# Building predictive disease models using Amazon SageMaker with Amazon HealthLake normalized data

In this post, we walk you through the steps to build machine learning (ML) models in Amazon SageMaker with data stored in Amazon HealthLake using two example predictive disease models we trained on sample data using the MIMIC-III dataset. This dataset was developed by the MIT lab for Computational Physiology and consists of de-identified healthcare data associated with approximately 60,000 ICU admissions. The dataset includes multiple attributes about the patients like their demographics, vital signs, and medications, along with their clinical notes. We first developed the models using the structured data such as demographics, vital signs, and medications. Then we augmented these models with additional data extracted and normalized from clinical notes to test and compare their performance. In both these experiments, we found an improvement in model performance when modelled as a supervised learning (classification) or an unsupervised learning (clustering) problem. We present our findings and the setup of the experiments in this post.

## Why multiple modalities?

Modality can be defined as the classification of a single independent sensory input/output between a computer and a human. For example, we can see objects and hear sounds by using our senses. These can be considered as two separate modalities. Datasets that represent multiple modalities are categorized as a multi-modal dataset. For instance, images can consist of tags that help search and organize them, and textual data can contain images to explain what’s in the image. When medical practitioners make clinical decisions, it’s usually based on information gathered from a variety of healthcare data modalities. A physician looks at patient’s observations, their past history, their scans, and even physical characteristics of the patient during the visit to make a definitive diagnosis. ML models need to take this into account when trying to achieve real-world performance. The post Building a medical image search platform on AWS shows how you can combine features from medical images and their corresponding radiology reports to create a medical image search platform. The challenge with creating such models is the preprocessing of these multi-modal datasets and extracting appropriate features from them.
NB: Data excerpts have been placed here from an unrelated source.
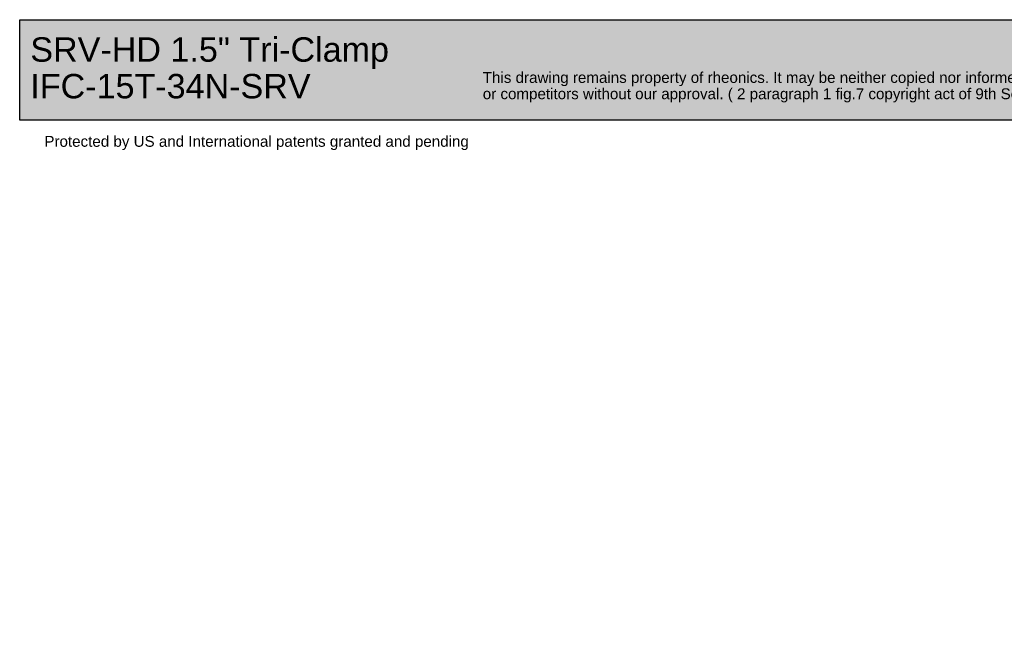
# Paper-space layout 'Invenitec-A4' of a CAD drawing. Header units: millimetres. Extents: x 1 to 296, y -85 to 208.
# Tile 1 of 10: x 1 to 182, y -85 to 31. Entities that reach past the tile are written whole.
import ezdxf
from ezdxf.entities.mleader import LeaderData, LeaderLine
from ezdxf.math import Vec2, Vec3

# ---------------------------------------------------------------- set-up
doc = ezdxf.new("R2010")
doc.units = ezdxf.units.MM
doc.layers.add('Default', color=7, linetype='Continuous')

# ---------------------------------------------------------------- blocks, each defined once
blk = doc.blocks.new('_Dot')
at = {"color": 0, "linetype": 'ByBlock', "lineweight": -2}
blk.add_line((-0.5, 0), (-1, 0), dxfattribs=at)
at = {"color": 0, "linetype": 'ByBlock', "const_width": 0.5}
blk.add_lwpolyline([(-0.25, 0, 1), (0.25, 0, 1)], format="xyb", close=True, dxfattribs=at)
blk = doc.blocks.new('Block1')
at = {"layer": 'Default', "linetype": 'Continuous'}
blk.add_hatch(color=7, dxfattribs=at).paths.add_polyline_path([(207.88, 0), (0, 0), (0, -18.48), (207.88, -18.48)])
at = {"layer": 'Default', "color": 7, "linetype": 'Continuous'}
for p, q in [((0, 0), (207.88, 0)), ((0, -18.48), (0, 0)), ((207.88, -18.48), (0, -18.48))]:
    blk.add_line(p, q, dxfattribs=at)
ml = blk.add_multileader_mtext('Standard', dxfattribs=at)
ml.set_content('{\\pxsm0.9;\\fArial|b0||i0||c0|p34;\\W1.;SRV-HD 1.5" Tri-Clamp\\PIFC-15T-34N-SRV\\P}', color=256)
ml.set_leader_properties()
ml.set_arrow_properties(name='DOT')
ml.build(insert=Vec2(0, 0))
ml.multileader.update_dxf_attribs({"leader_type": 0, "dogleg_length": 0, "arrow_head_size": 4.5})
ctx = ml.context
ctx.base_point, ctx.char_height, ctx.arrow_head_size, ctx.landing_gap_size = Vec3(0.39, -5.53), 4.5, 4.5, 1.57
ctx.mtext.insert = Vec3(1.96, -3.24)
ml = blk.add_multileader_mtext('Standard', dxfattribs=at)
ml.set_content('{\\pxsm0.9;\\fArial|b0||i0||c0|p34;\\W1.;This drawing remains property of rheonics. It may be neither copied nor informed to third persons \\Por competitors without our approval. ( 2 paragraph 1 fig.7 copyright act of 9th Sept. 1965)\\P}', color=256)
ml.set_leader_properties()
ml.set_arrow_properties(name='DOT')
ml.build(insert=Vec2(0, 0))
ml.multileader.update_dxf_attribs({"leader_type": 0, "dogleg_length": 0, "arrow_head_size": 2})
ctx = ml.context
ctx.base_point, ctx.char_height, ctx.arrow_head_size, ctx.landing_gap_size = Vec3(84.7, -10.93), 2, 2, 0.7
ctx.mtext.insert = Vec3(85.4, -9.64)
ml = blk.add_multileader_mtext('Standard', dxfattribs=at)
ml.set_content('{\\pxsm0.9;\\fArial|b0||i0||c0|p34;\\W1.;Protected by US and International patents granted and pending\\P}', color=256)
ml.set_leader_properties()
ml.set_arrow_properties(name='DOT')
ml.build(insert=Vec2(0, 0))
ml.multileader.update_dxf_attribs({"leader_type": 0, "dogleg_length": 0, "arrow_head_size": 2})
ctx = ml.context
ctx.base_point, ctx.char_height, ctx.arrow_head_size, ctx.landing_gap_size = Vec3(3.85, -22.7), 2, 2, 0.7
ctx.mtext.insert = Vec3(4.55, -21.41)

psp = doc.layouts.new('Invenitec-A4')

# ---------------------------------------------------------------- block references
at = {"layer": 'Default', "color": 7}
psp.add_blockref('Block1', (0.752, 31.01), dxfattribs=at)

doc.saveas('drawing.dxf')

## Amazon HealthLake makes it easier to train models on multi-modal data

Amazon HealthLake is a HIPAA eligible service that enables healthcare providers, health insurance companies, and pharmaceutical companies to store, transform, query, and analyze health data on the AWS Cloud at petabyte scale. As part of the transformation, Amazon HealthLake tags and indexes unstructured data using specialized ML models. These tags and indexes can be used to query and search as well as understand relationships in the data for analytics.

When you export data from Amazon HealthLake, it adds a resource called DocumentReference to the output. This resource consists of clinical entities (Like medications, medical conditions, anatomy, and Protected Health Information (PHI)), the RxNorm codes for medications, and the ICD10 codes for medical conditions that are automatically derived from the unstructured notes about the patients. These are additional attributes about the patients that are embedded within the unstructured portions of their clinical records and would have been largely ignored for downstream analysis. Combining the structured data from the EHR with these attributes provides a more holistic picture of the patient and their conditions. To help determine the value of these attributes, we created a couple of experiments around clinical outcome prediction.

## Architecture overview

The following diagram illustrates the architecture for our experiments.

You can export the normalized data to an Amazon Simple Storage Service (Amazon S3) bucket using the Export API. Then we use AWS Glue to crawl and build a catalog of the data. This catalog is shared by Amazon Athena to run the queries directly off of the exported data from Colossus. Athena also normalizes the JSON format files to rows and columns for easy querying. The DocumentReference resource JSON file is processed separately to extract indexed data derived from the unstructured portions of the patient records. The file consists of an extension tag that has a hierarchical JSON output consisting of patient attributes. There are multiple ways to process this file (like using Python-based JSON parsers or even string-based regex and pattern matching). For an example implementation, see the section Connecting Athena with HealthLake in the post Population health applications with Amazon HealthLake – Part 1: Analytics and monitoring using Amazon QuickSight.

## Example setup

Accessing the MIMIC-III dataset requires you to request access. As part of this post, we don’t distribute any data but instead provide the setup steps so you can replicate these experiments when you have access to MIMIC-III. We also publish our conclusions and findings from the results.

For the first experiment, we build a binary disease classification model to predict patients with congestive heart failure (CHF). We measure its performance using accuracy, ROC, and confusion matrix for both structured and unstructured patient records. For the second experiment, we cluster a cohort of patients into a fixed number of groups and visualize the cluster separation before and after the addition of the unstructured patient records. For both our experiments, we build a baseline model and compare it with the multi-modal model, where we combine existing structured data with additional features (ICD-10 codes and Rx-Norm codes) in our training set.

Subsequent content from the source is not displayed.